Magnus von Horn’s The Girl With the Needle is not an easy watch. Denmark’s official entry for the best international feature at the 97th Academy Awards is the kind of film that leaves you reeling, thinking and searching for meaning.
Based on Denmark’s infamous 1921 baby killer case, The Girl With the Needle is a Gothic black-and-white drama that takes us to a post-World War I Copenhagen where cruelty thrives and hope barely flickers. The story follows Karoline (Vic Carmen Sonne), a seamstress whose life is hanging by a thread when we meet her, having been evicted from her apartment and forced into living in squalor. She hasn’t heard from her husband, Peter (Besir Zeciri), since he went to fight in the war, which has left her dangling in a bureaucratic limbo where she can’t claim a widow’s compensation. Desperation drives her into a romance with her factory boss, Jørgen (Joachim Fjelstrup), but that moment of hope is quickly crushed as well.
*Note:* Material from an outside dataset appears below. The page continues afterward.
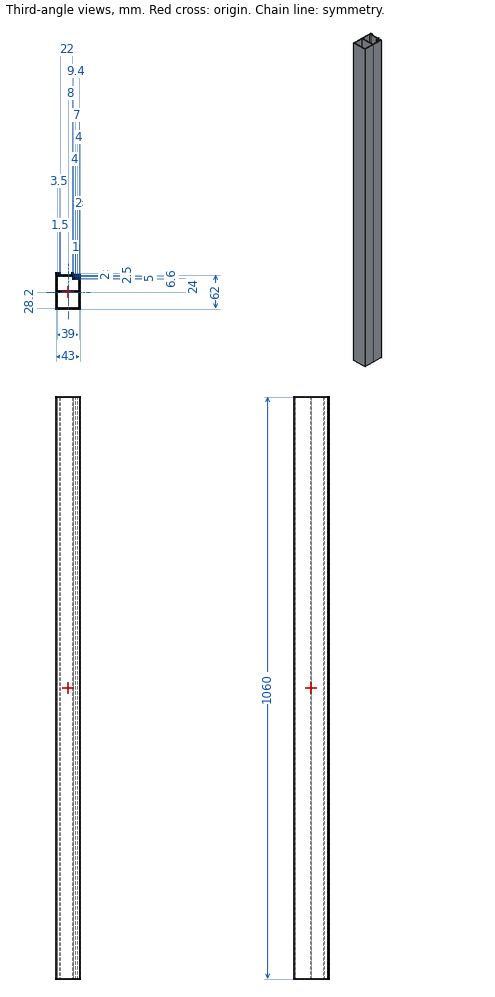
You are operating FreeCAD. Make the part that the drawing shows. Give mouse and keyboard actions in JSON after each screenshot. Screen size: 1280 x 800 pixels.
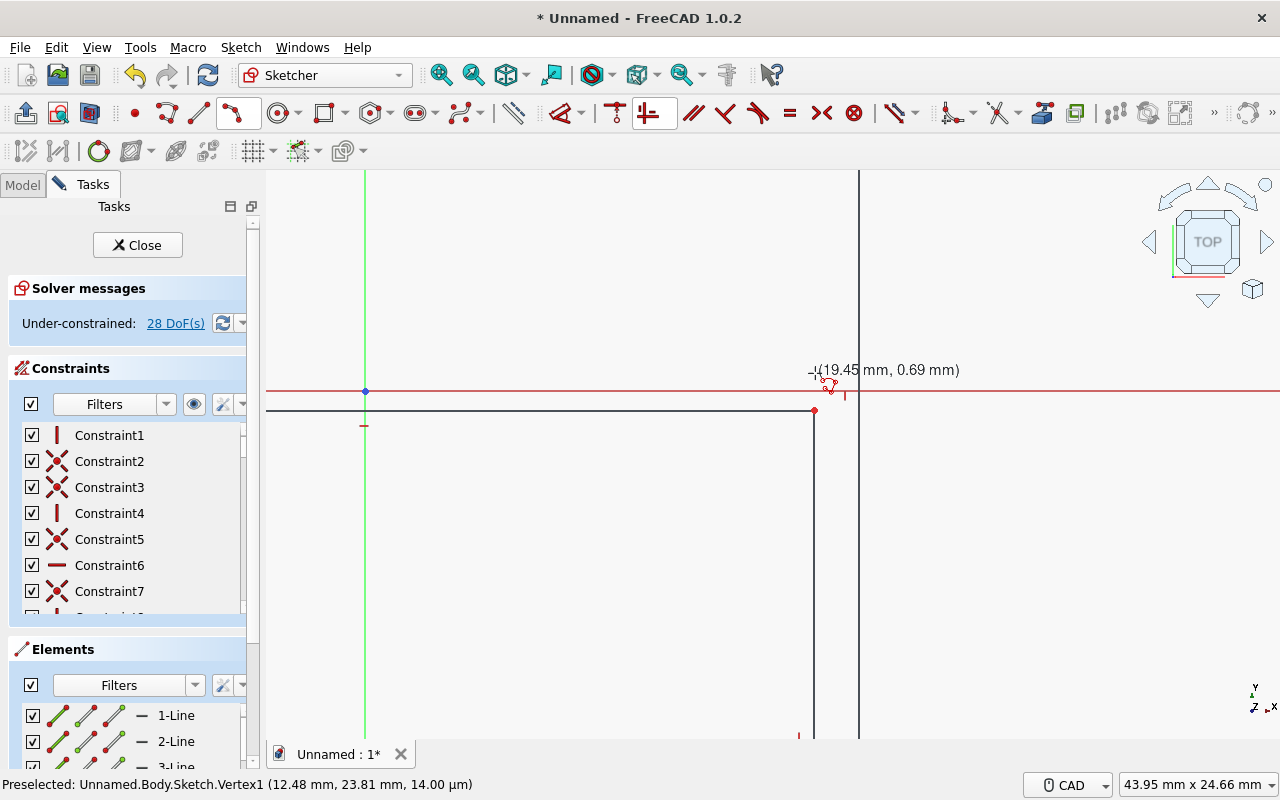
{"action": "left_click", "coordinate": [815, 373]}

Von Horn devotes the first hour of the film to the series of misfortunes in Karoline’s life, painting a world where poverty is inescapable and the war’s scars run deeper than the battlefield. Peter eventually returns but he is unrecognisable. His face is disfigured and he is broken inside. Instead of heaving a sigh of relief, Karoline recoils in disgust. Peter finds work as a circus act, turning his war wounds into grotesque entertainment. It’s a searing account of how war ravages humanity and strips people of the last shred of dignity.
When Karoline crosses paths with Dagmar (Trine Dyrholm), a shop owner who runs a secretive adoption agency, it feels like she’s found a lifeline. But this is a film that thrives on subverting expectations. Dagmar’s warmth hides something darker and the ‘adoptions’ she facilitates are anything but benevolent.
Vic Carmen Sonne makes Karoline deeply human: an anxious woman with moments of strength and vulnerability who makes choices that are difficult to stomach. Trine Dyrholm is magnetic as Dagmar — in equal parts nurturing and terrifying — and keeps the audience on edge. The play between Karoline and Dagmar becomes the heart of the film, as their relationship swings between alliance and exploitation.
Cinematographer Michał Dymek uses stark black-and-white imagery to create a world that feels oppressive and suffocating. The crumbling alleys and dimly-lit interiors of post-war Copenhagen reflect the characters’ despair. Frederikke Hoffmeier’s score is equally haunting and amplifies the pervasive sense of dread.